- To do -
Set down exactly, with nothing added, the lines from the one containing "Next, the cardboard box (130,0,139,8)." through the end of the entries.

**********

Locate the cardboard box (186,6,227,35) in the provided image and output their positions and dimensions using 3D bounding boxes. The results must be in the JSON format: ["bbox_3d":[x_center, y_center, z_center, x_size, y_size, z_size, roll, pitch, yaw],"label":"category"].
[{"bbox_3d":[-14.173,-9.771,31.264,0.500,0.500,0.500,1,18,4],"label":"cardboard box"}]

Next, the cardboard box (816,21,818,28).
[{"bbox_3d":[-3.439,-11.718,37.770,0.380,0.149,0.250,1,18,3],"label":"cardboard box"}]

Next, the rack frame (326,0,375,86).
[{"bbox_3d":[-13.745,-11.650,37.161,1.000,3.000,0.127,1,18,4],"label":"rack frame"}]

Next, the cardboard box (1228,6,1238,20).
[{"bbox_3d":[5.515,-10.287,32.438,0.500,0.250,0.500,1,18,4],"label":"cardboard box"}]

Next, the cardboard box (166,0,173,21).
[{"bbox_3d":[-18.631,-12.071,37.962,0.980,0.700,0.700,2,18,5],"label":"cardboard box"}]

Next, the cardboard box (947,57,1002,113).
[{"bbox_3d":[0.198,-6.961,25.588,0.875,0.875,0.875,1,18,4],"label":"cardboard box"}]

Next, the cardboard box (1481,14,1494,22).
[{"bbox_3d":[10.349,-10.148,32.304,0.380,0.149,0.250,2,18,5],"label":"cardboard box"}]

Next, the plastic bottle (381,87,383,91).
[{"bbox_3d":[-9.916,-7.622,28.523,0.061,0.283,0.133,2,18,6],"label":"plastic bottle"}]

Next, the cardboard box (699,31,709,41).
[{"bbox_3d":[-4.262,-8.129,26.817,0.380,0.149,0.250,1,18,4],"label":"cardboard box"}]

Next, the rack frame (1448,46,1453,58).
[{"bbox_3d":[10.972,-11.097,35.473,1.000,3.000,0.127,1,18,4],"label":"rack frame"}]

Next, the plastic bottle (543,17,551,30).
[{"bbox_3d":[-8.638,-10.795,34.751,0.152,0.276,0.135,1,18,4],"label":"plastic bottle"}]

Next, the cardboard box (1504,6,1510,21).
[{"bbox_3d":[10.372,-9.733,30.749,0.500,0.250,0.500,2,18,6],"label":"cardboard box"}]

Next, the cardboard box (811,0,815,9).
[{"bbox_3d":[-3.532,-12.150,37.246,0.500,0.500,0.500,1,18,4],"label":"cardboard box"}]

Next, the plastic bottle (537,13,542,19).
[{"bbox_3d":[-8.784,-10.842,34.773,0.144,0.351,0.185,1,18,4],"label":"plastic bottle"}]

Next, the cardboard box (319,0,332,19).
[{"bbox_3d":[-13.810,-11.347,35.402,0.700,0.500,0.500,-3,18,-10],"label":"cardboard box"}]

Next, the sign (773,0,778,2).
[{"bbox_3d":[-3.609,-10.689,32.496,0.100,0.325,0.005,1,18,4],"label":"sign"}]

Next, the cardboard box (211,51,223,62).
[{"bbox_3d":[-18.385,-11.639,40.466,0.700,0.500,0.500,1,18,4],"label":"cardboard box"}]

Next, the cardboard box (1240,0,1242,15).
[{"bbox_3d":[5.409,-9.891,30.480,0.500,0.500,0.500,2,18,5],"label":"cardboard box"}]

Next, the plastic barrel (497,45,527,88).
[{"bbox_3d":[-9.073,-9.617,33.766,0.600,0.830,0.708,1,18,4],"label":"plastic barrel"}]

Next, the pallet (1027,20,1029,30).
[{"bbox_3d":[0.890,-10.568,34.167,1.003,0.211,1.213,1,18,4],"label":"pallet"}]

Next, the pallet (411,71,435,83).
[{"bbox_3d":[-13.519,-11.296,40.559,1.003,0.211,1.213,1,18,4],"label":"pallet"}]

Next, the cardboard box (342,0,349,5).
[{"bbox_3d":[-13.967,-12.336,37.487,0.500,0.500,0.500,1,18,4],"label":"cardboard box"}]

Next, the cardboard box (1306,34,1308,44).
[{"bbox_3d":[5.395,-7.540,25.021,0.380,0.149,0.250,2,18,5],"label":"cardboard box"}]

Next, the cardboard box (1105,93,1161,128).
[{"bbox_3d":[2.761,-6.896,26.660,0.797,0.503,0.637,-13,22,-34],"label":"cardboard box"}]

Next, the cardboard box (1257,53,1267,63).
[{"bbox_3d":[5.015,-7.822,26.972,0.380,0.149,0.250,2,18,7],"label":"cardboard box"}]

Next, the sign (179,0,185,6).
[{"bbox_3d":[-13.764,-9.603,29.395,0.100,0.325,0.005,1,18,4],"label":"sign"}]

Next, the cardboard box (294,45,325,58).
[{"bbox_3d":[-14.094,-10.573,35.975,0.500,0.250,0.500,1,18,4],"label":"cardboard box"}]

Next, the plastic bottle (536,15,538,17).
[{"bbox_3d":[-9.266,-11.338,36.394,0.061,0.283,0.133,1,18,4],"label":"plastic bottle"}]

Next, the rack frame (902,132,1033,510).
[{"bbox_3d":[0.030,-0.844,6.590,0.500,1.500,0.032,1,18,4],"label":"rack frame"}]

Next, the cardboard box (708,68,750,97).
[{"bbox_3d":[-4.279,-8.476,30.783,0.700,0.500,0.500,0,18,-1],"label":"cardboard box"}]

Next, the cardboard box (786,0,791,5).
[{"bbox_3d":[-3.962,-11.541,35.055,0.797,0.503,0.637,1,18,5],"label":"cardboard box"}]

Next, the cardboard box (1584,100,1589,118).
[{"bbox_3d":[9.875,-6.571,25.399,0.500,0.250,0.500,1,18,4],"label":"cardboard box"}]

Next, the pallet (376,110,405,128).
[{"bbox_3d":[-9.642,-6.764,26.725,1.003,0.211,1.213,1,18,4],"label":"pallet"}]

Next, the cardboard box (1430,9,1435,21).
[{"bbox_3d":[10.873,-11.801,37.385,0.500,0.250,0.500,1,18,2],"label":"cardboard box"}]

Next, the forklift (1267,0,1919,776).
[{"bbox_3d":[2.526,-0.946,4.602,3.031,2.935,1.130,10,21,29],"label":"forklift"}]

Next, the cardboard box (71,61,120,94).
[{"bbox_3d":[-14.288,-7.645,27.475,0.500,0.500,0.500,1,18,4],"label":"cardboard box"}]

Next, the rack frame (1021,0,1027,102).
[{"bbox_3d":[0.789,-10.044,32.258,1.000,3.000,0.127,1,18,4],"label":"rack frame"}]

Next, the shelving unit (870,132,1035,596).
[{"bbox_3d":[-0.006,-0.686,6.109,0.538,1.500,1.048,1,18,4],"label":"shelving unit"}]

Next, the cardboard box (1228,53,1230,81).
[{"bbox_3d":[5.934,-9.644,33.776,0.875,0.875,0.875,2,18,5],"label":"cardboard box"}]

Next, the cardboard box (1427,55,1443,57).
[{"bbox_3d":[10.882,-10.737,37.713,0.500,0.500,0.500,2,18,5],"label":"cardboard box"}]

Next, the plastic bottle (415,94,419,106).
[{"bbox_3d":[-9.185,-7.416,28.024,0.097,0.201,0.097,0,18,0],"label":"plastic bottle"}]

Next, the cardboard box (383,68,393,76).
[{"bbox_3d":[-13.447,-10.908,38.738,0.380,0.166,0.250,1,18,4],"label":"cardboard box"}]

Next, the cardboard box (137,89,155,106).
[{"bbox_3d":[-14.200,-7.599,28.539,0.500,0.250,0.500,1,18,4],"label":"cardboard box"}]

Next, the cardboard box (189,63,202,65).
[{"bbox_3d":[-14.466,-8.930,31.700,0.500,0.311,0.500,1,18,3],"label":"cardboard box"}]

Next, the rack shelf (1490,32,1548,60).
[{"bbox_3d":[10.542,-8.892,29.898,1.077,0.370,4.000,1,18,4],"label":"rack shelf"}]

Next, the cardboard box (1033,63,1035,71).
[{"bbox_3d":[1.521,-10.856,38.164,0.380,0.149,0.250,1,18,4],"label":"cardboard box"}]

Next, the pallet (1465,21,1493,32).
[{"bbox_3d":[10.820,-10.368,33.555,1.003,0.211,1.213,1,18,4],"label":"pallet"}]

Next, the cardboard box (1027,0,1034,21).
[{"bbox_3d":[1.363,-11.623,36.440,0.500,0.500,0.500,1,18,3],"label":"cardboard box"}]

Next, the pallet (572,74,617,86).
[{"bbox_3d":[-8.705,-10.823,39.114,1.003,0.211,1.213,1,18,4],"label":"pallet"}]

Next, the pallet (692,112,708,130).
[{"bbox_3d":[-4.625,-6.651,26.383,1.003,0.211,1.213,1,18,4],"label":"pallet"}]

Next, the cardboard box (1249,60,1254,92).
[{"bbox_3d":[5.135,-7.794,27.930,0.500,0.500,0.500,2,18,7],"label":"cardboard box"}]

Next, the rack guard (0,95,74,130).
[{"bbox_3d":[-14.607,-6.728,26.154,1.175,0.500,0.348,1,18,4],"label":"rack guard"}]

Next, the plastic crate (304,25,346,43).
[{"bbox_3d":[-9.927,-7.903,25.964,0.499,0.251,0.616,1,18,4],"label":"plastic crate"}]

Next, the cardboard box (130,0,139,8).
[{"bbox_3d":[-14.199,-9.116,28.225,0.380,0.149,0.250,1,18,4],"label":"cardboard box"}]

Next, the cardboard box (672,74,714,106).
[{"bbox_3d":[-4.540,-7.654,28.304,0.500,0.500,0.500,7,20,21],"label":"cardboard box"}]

**********

- Answer to this task -
Next, the cardboard box (130,0,139,8).
[{"bbox_3d":[-14.199,-9.116,28.225,0.380,0.149,0.250,1,18,4],"label":"cardboard box"}]

Next, the cardboard box (672,74,714,106).
[{"bbox_3d":[-4.540,-7.654,28.304,0.500,0.500,0.500,7,20,21],"label":"cardboard box"}]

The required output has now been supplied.